Agent Who Shot Renee Good Was Trained to Track and Apprehend Fugitives

Jonathan Ross holds a cellphone in his left hand. His face is partially covered with a mask.

Jonathan Ross stood before a small group of his fellow students at Anderson University in Indiana and cautioned that the war in Iraq was not the one they were seeing on television.

It was April 2006, and the 23-year-old was recently back from a National Guard deployment to Iraq, speaking at a “Support the Troops” event hosted by the College Republicans. Mr. Ross showed the students photos of charred Humvees and walls pockmarked with bullet holes.

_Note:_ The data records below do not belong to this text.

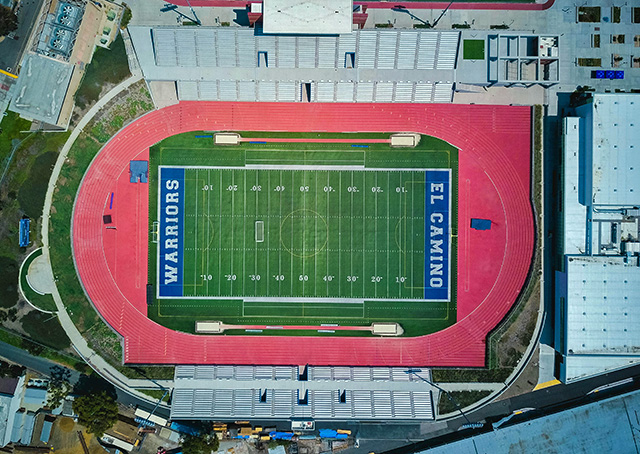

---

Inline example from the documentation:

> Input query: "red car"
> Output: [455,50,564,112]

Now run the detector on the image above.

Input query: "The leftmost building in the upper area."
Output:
[8,52,85,128]
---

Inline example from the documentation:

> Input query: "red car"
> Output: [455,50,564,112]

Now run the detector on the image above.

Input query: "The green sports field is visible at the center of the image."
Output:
[148,131,461,338]
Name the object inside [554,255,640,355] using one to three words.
building
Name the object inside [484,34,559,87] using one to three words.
building
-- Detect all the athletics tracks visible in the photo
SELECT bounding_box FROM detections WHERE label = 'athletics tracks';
[72,101,534,367]
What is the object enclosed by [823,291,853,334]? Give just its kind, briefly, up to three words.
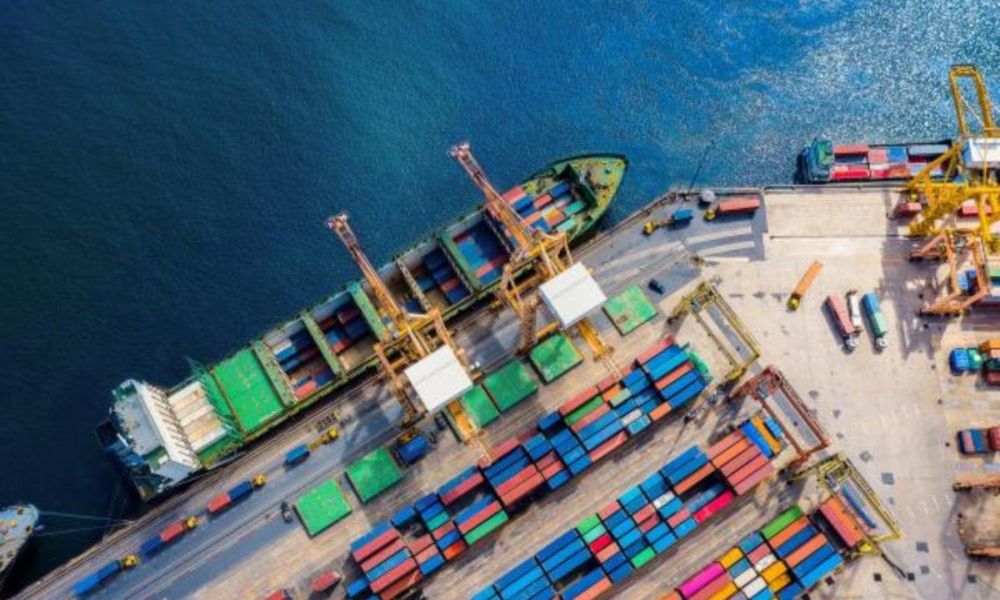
shipping container
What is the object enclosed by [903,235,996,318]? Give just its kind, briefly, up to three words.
container crane
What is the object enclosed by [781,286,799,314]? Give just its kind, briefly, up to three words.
vehicle
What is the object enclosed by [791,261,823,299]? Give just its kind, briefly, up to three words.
shipping container
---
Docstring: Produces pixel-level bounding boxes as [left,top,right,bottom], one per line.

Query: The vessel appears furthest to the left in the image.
[0,509,47,579]
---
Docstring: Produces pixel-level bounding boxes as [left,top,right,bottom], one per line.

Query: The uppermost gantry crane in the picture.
[893,64,1000,243]
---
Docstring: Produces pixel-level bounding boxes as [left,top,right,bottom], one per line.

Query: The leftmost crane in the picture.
[319,206,489,460]
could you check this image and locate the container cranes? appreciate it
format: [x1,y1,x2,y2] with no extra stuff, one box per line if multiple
[319,206,489,460]
[903,235,996,318]
[720,367,840,477]
[660,280,769,390]
[446,133,622,370]
[782,453,918,566]
[893,64,1000,243]
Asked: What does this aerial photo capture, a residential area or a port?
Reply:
port
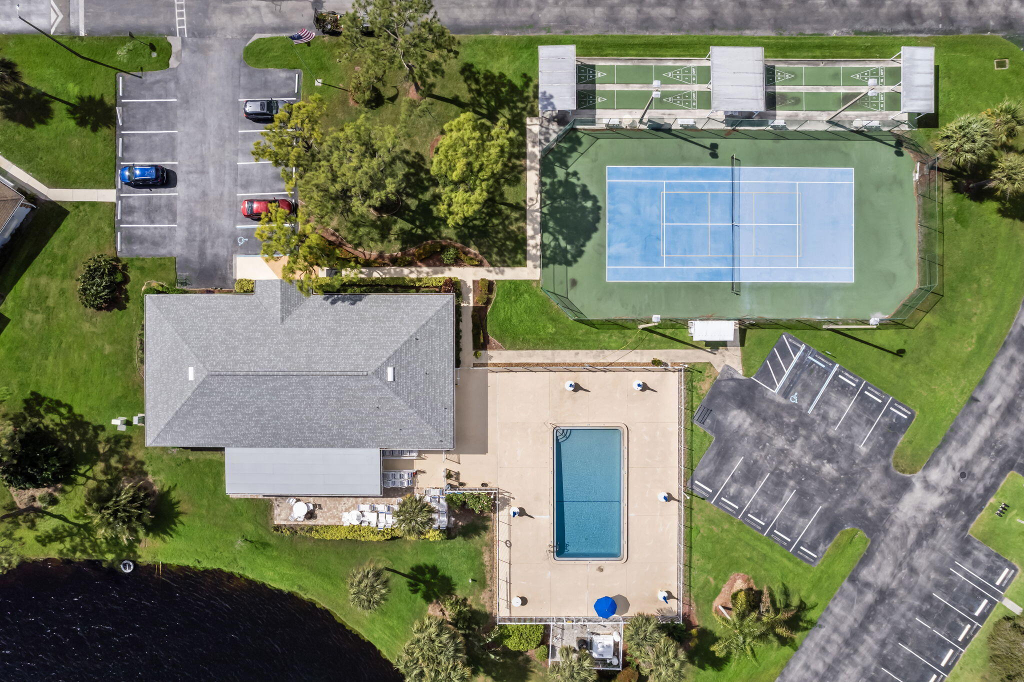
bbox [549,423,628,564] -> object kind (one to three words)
swimming pool
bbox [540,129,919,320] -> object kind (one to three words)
tennis court
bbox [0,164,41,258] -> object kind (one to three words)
house
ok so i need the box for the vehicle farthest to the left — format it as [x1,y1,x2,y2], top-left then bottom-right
[121,162,168,186]
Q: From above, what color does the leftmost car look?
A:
blue
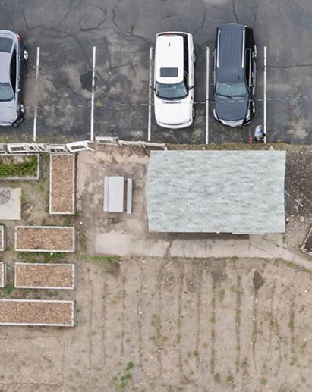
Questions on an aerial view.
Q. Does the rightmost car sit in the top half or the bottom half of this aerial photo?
top
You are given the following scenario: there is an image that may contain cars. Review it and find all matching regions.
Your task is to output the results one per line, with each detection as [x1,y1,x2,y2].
[147,32,196,129]
[208,20,255,128]
[0,30,26,128]
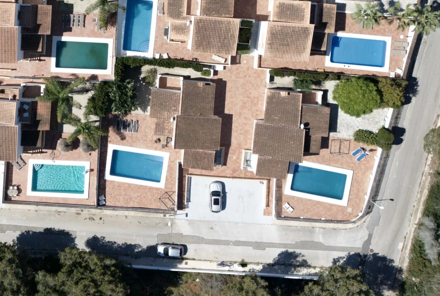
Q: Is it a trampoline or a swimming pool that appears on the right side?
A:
swimming pool
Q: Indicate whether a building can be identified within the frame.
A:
Yes
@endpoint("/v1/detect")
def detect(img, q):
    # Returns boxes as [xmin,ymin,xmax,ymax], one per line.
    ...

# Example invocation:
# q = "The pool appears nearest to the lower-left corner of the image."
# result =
[27,159,89,199]
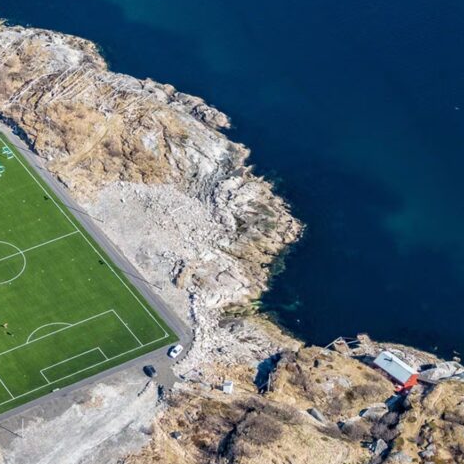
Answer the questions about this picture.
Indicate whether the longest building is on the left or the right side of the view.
right
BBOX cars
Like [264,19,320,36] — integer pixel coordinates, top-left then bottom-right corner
[143,364,156,377]
[170,344,183,357]

“We just got armor from the dump,” he said, describing how they outfitted their vehicles. “They didn’t supply us with the trucks you see on the news at all.”

Twenty years later, Mr. Ross, now an agent with Immigration and Customs Enforcement, is once again on the front lines of a polarizing mission: the Trump administration’s aggressive immigration crackdown in Minnesota.

On Jan. 7, during an enforcement surge in south Minneapolis, Mr. Ross fired three shots into a moving S.U.V., killing Renee Good, a 37-year-old mother of three. Her partner, Becca, who recorded the standoff on her phone, later said the couple had “stopped to support our neighbors” after federal agents were spotted in their neighborhood.